Companies have been using newer, more efficient oil rigs, with improvements like autonomous drilling capabilities, more powerful horsepower, and technology that enables them to move without being taken down and rebuilt.
“Right now virtually all operating rigs are the most efficient and highly upgraded rigs available. Drillers saw big efficiency gains because they upgraded to a bigger rig but there are no bigger rigs left to upgrade to,” said Paul Mosvold, president and COO of Scandrill, whose company has seven rigs in the Haynesville and four in the Permian.
“Now it is incremental and tweaking, whereas before it was a wholesale upgrade. Those things aren’t going to make the level of efficiency gains we’ve seen in the last few years,” Mosvold added.
Energy consultancies have similar estimates for the number of rigs needed to keep production steady in the Permian Basin, ranging between 240 and 260.
The Permian rig count last fell by one in the week to August 1, to 259, the lowest since September 2021, according to Baker Hughes.
“We have seen a 25% improvement over the last few years in rig efficiency, but the rig count has fallen over 30% over that same period. Put simply, the rig count declines have begun to outpace drilling efficiency gains,” said Brandon Myers, head of research at Novi Labs.
“This is a recent development,” he added.
Market intelligence firm Energy Aspects expects the Permian rig count to continue falling, slipping below its own modeled 255 threshold for steady production, early next year. Consultancy Wood Mackenzie sees that basin’s rig count falling to 245 in early 2026 as prices fall due to higher OPEC+ output.
EFFICIENCY GAINS AND WELL PRODUCTIVITY
The Permian has been at the heart of the U.S. shale revolution, propelling the country to the top spot in the league of global oil producers. Output there is expected to reach 6.58 million bpd this month, more than triple what it produced a decade ago in August 2015, according to the EIA.
In the Permian’s Midland basin, oil companies have raised the number of feet drilled per month per rig, or drilling efficiency, by 25% since the first quarter of 2023, according to Novi Labs. In 2024 around 40% of laterals in Midland were over 2.5 miles long, compared with 15% in 2021.
Despite improvements to drilling technologies, oil wells in the Permian basin are becoming less productive as operators have drilled through a lot of the best rock. Those less productive wells cost more to drill and are producing more unwanted byproducts such as gas and water, and less oil.
The Permian’s Delaware and Midland sub-basins have seen oil per foot drilled fall 8% so far in 2025 compared with last year’s average, Morgan Stanley analysts said in a July note.
“If the rig count drops don’t turn around soon, we’re going to see U.S. production declines well into 2026, including in the Permian basin,” said Energy Aspects analyst Jesse Jones. He anticipates Permian production, which currently stands at 6.55 million bpd, to fall by 150,000 bpd to 6.25 million bpd in 2026, due to fewer rigs and completions as well as a degradation in well productivity.

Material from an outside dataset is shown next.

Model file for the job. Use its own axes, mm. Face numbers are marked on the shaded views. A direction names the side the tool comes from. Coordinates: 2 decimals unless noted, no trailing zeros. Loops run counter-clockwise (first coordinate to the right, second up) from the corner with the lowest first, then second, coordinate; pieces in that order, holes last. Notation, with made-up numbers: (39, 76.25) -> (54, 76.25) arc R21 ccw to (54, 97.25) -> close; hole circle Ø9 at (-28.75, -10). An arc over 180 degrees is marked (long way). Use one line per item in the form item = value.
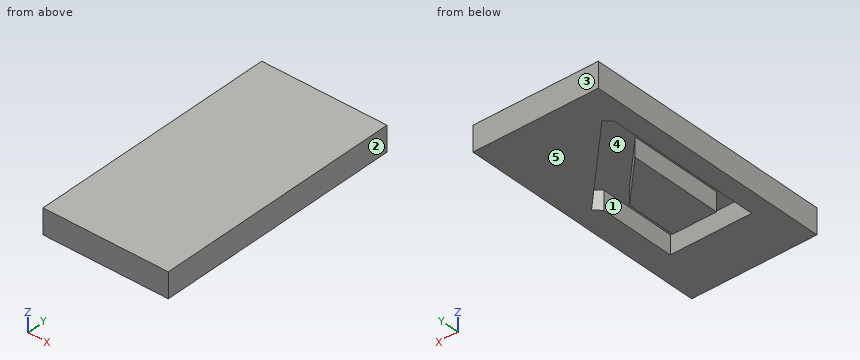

Declines in oil production as a result of a falling rig count will take six to nine months to show, due to the time it takes to drill and complete wells, analysts said.
Novi Labs expects Permian production will fall slightly by the end of the year, before dipping into the sub-6.5 million bpd range in the first quarter of 2026. Meanwhile, Wood Mackenzie sees Permian output growth flattening in 2026 at 6.55 million bpd. The EIA projects output to average 6.53 million bpd in 2025, before edging down to 6.5 million bpd in 2026.
“In 2020, when the rig count fell, operators drilled the best rock they were ever going to have. That high-quality inventory doesn’t exist in that quantity anymore, and operators won’t be able to do that again to the same degree,” said Novi Labs’ Myers.